• WORK ORDER: Every entry that follows must be written out exactly, apart from its pictures.

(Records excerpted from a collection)
Segment Open

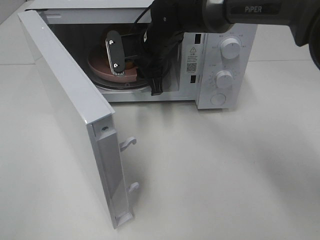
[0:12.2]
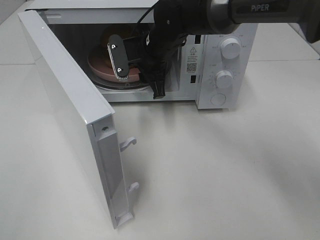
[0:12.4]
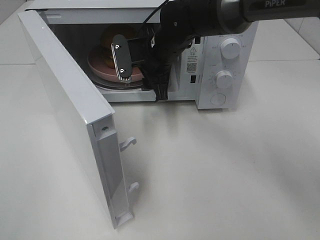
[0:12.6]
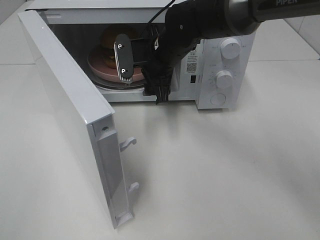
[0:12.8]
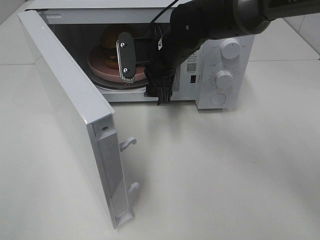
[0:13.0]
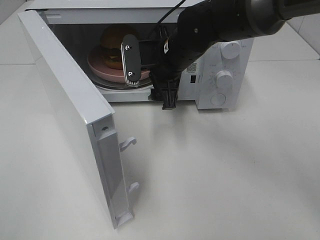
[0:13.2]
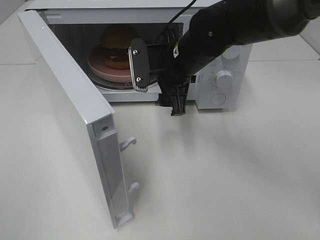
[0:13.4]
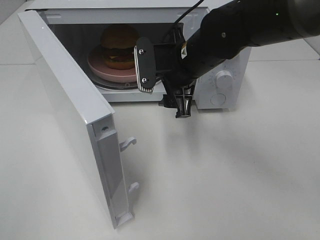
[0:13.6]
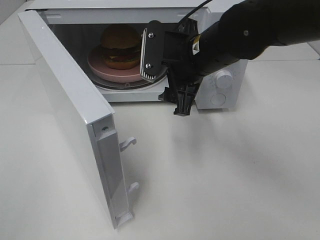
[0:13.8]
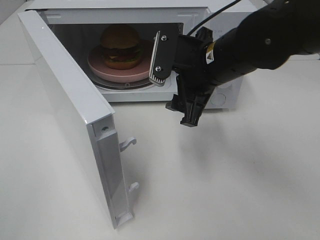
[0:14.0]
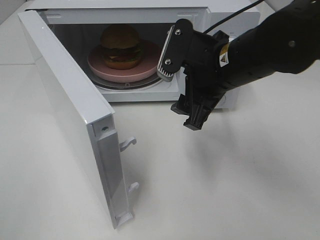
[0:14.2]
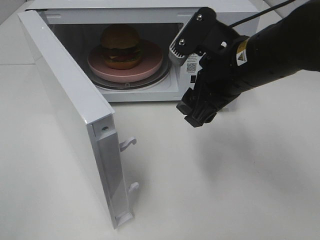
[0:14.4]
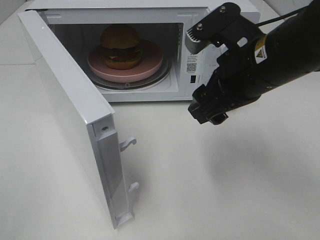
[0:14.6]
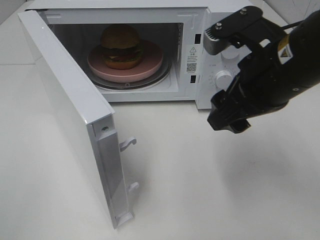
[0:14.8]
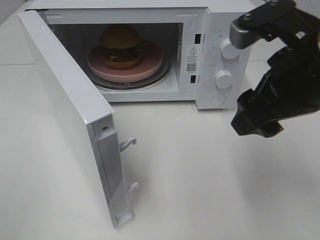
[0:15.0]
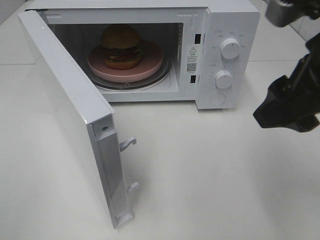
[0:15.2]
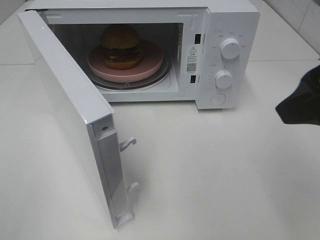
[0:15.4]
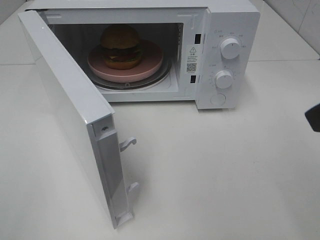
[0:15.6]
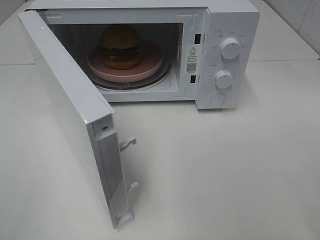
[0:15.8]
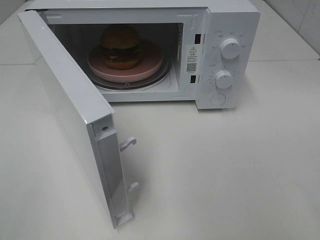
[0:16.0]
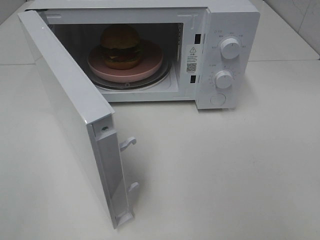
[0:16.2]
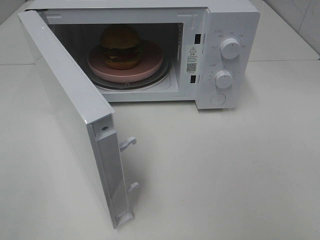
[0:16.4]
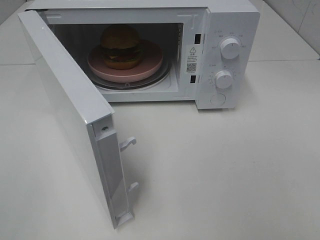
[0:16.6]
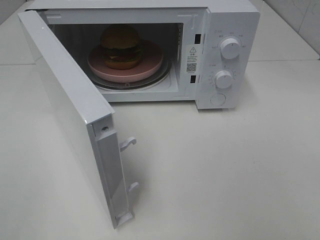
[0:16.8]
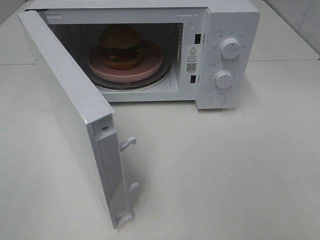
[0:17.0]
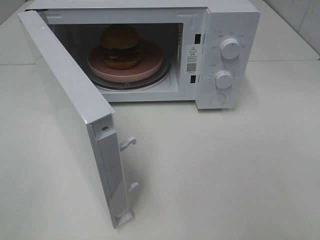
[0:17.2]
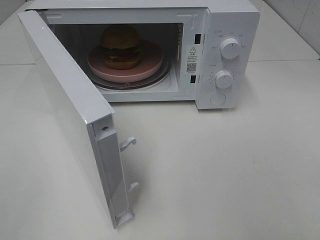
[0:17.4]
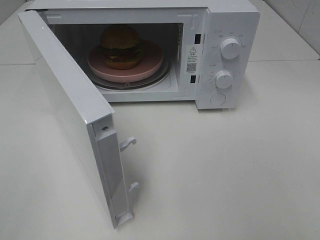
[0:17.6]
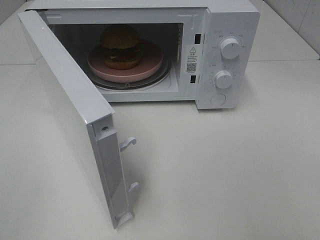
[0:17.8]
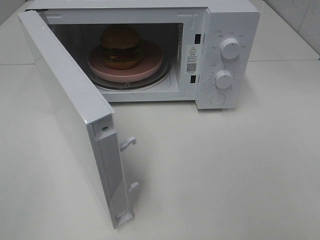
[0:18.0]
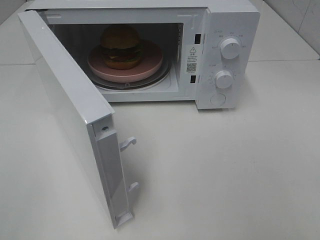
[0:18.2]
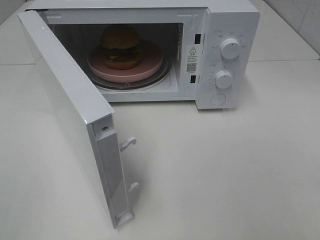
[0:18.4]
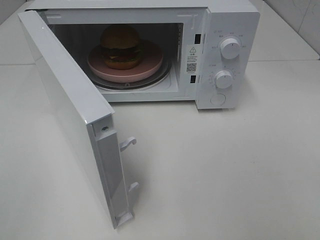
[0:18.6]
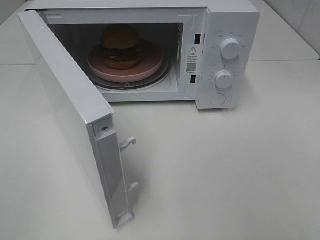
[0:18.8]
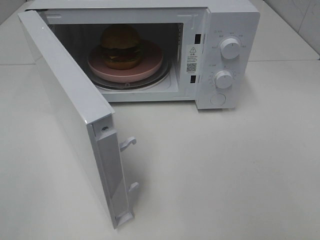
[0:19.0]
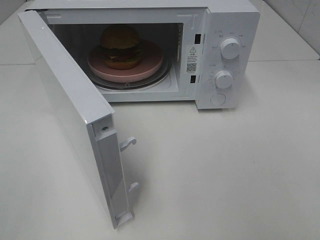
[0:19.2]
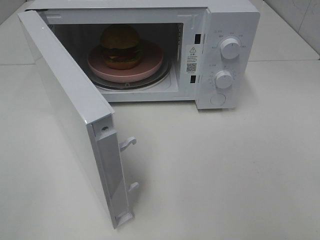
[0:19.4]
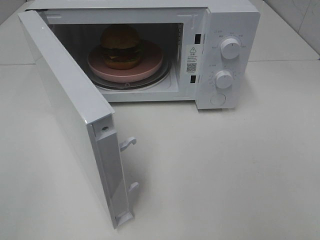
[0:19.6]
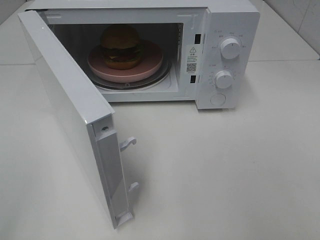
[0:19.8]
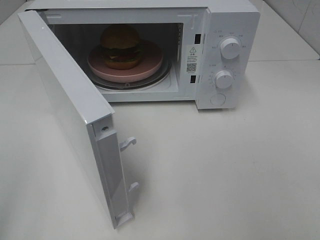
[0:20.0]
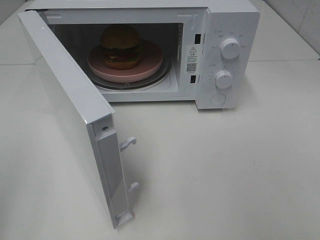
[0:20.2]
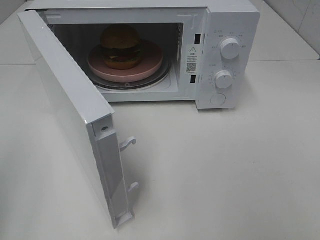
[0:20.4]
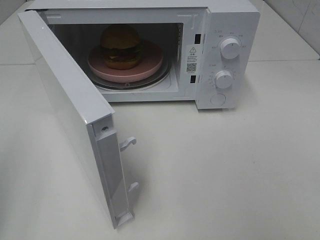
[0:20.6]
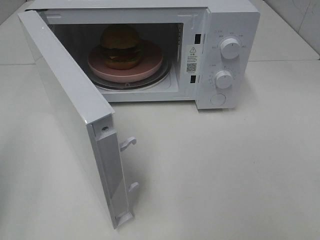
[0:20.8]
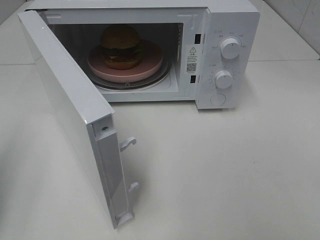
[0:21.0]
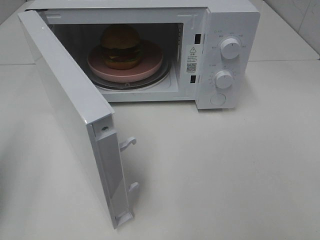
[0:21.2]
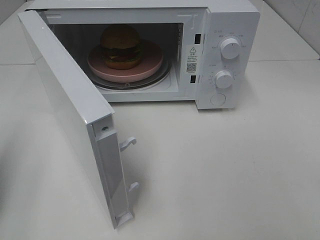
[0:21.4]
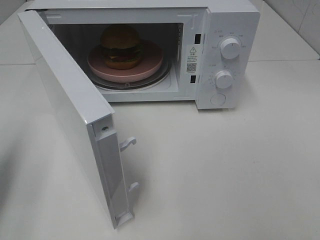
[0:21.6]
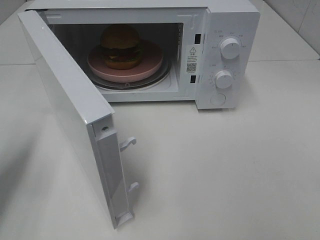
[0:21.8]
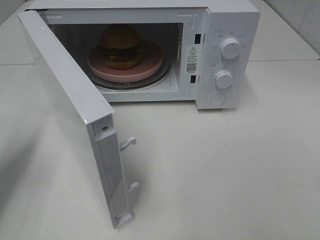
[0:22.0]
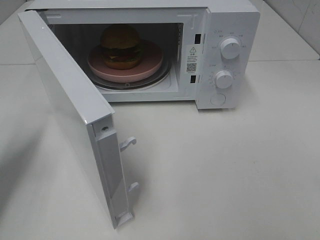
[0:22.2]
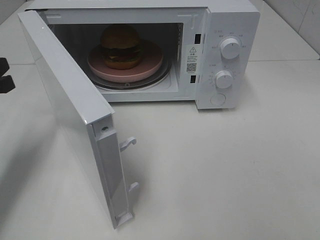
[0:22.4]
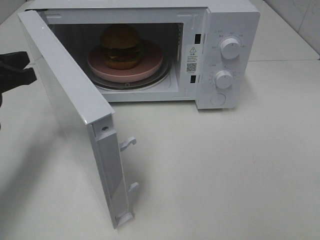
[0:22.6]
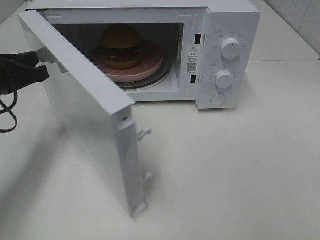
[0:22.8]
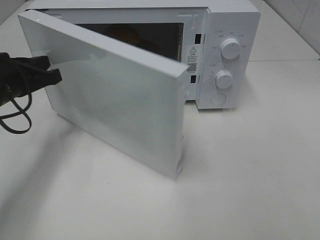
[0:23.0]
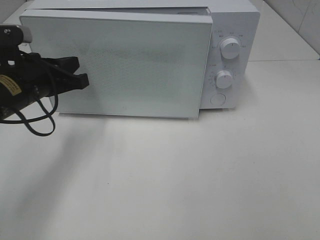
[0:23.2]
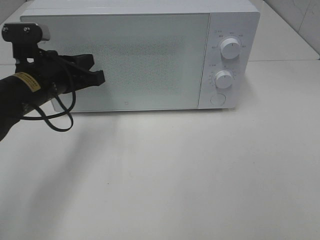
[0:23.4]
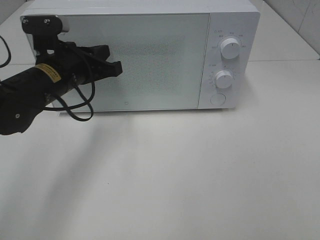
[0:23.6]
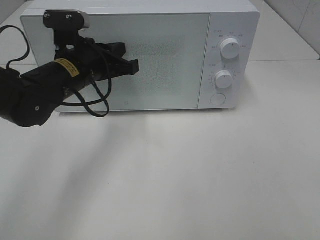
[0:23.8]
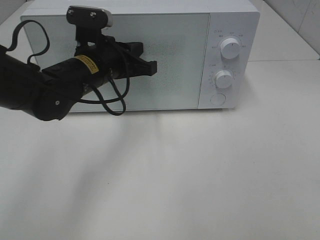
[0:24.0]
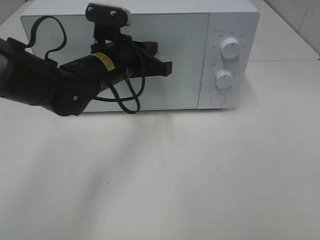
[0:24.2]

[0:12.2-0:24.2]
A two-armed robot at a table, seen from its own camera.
Task of the whole recording: Heat the burger.
Step, 0:12.2 to 0:23.4: Left hand: close the microwave door.
0:12.2 to 0:13.8: The right gripper goes approximately 15 cm backward and to the right, and opens up.
0:13.8 to 0:15.2: The right gripper shifts approximately 20 cm backward, to the right and upward.
0:15.2 to 0:16.6: The right gripper is displaced backward and to the right by about 20 cm.
0:19.8 to 0:21.2: The left gripper shifts roughly 15 cm forward and downward, and closes its fingers.
0:21.2 to 0:22.6: The left gripper moves forward and to the right, approximately 15 cm.
0:22.6 to 0:24.2: The left gripper moves to the right, some 20 cm.

Segment Closed

• ANSWER SECTION:
[0:12.2]
[0:12.4]
[0:12.6]
[0:12.8]
[0:13.0]
[0:13.2]
[0:13.4]
[0:13.6]
[0:13.8]
[0:14.0]
[0:14.2]
[0:14.4]
[0:14.6]
[0:14.8]
[0:15.0]
[0:15.2]
[0:15.4]
[0:15.6]
[0:15.8]
[0:16.0]
[0:16.2]
[0:16.4]
[0:16.6]
[0:16.8]
[0:17.0]
[0:17.2]
[0:17.4]
[0:17.6]
[0:17.8]
[0:18.0]
[0:18.2]
[0:18.4]
[0:18.6]
[0:18.8]
[0:19.0]
[0:19.2]
[0:19.4]
[0:19.6]
[0:19.8]
[0:20.0]
[0:20.2]
[0:20.4]
[0:20.6]
[0:20.8]
[0:21.0]
[0:21.2]
[0:21.4]
[0:21.6]
[0:21.8]
[0:22.0]
[0:22.2]
[0:22.4]
[0:22.6]
[0:22.8]
[0:23.0]
[0:23.2]
[0:23.4]
[0:23.6]
[0:23.8]
[0:24.0]
[0:24.2]

[0:12.2-0:24.2]
A two-armed robot at a table, seen from its own camera.
Task of the whole recording: Heat the burger.
Step, 0:12.2 to 0:23.4: Left hand: close the microwave door.
0:12.2 to 0:13.8: The right gripper goes approximately 15 cm backward and to the right, and opens up.
0:13.8 to 0:15.2: The right gripper shifts approximately 20 cm backward, to the right and upward.
0:15.2 to 0:16.6: The right gripper is displaced backward and to the right by about 20 cm.
0:19.8 to 0:21.2: The left gripper shifts roughly 15 cm forward and downward, and closes its fingers.
0:21.2 to 0:22.6: The left gripper moves forward and to the right, approximately 15 cm.
0:22.6 to 0:24.2: The left gripper moves to the right, some 20 cm.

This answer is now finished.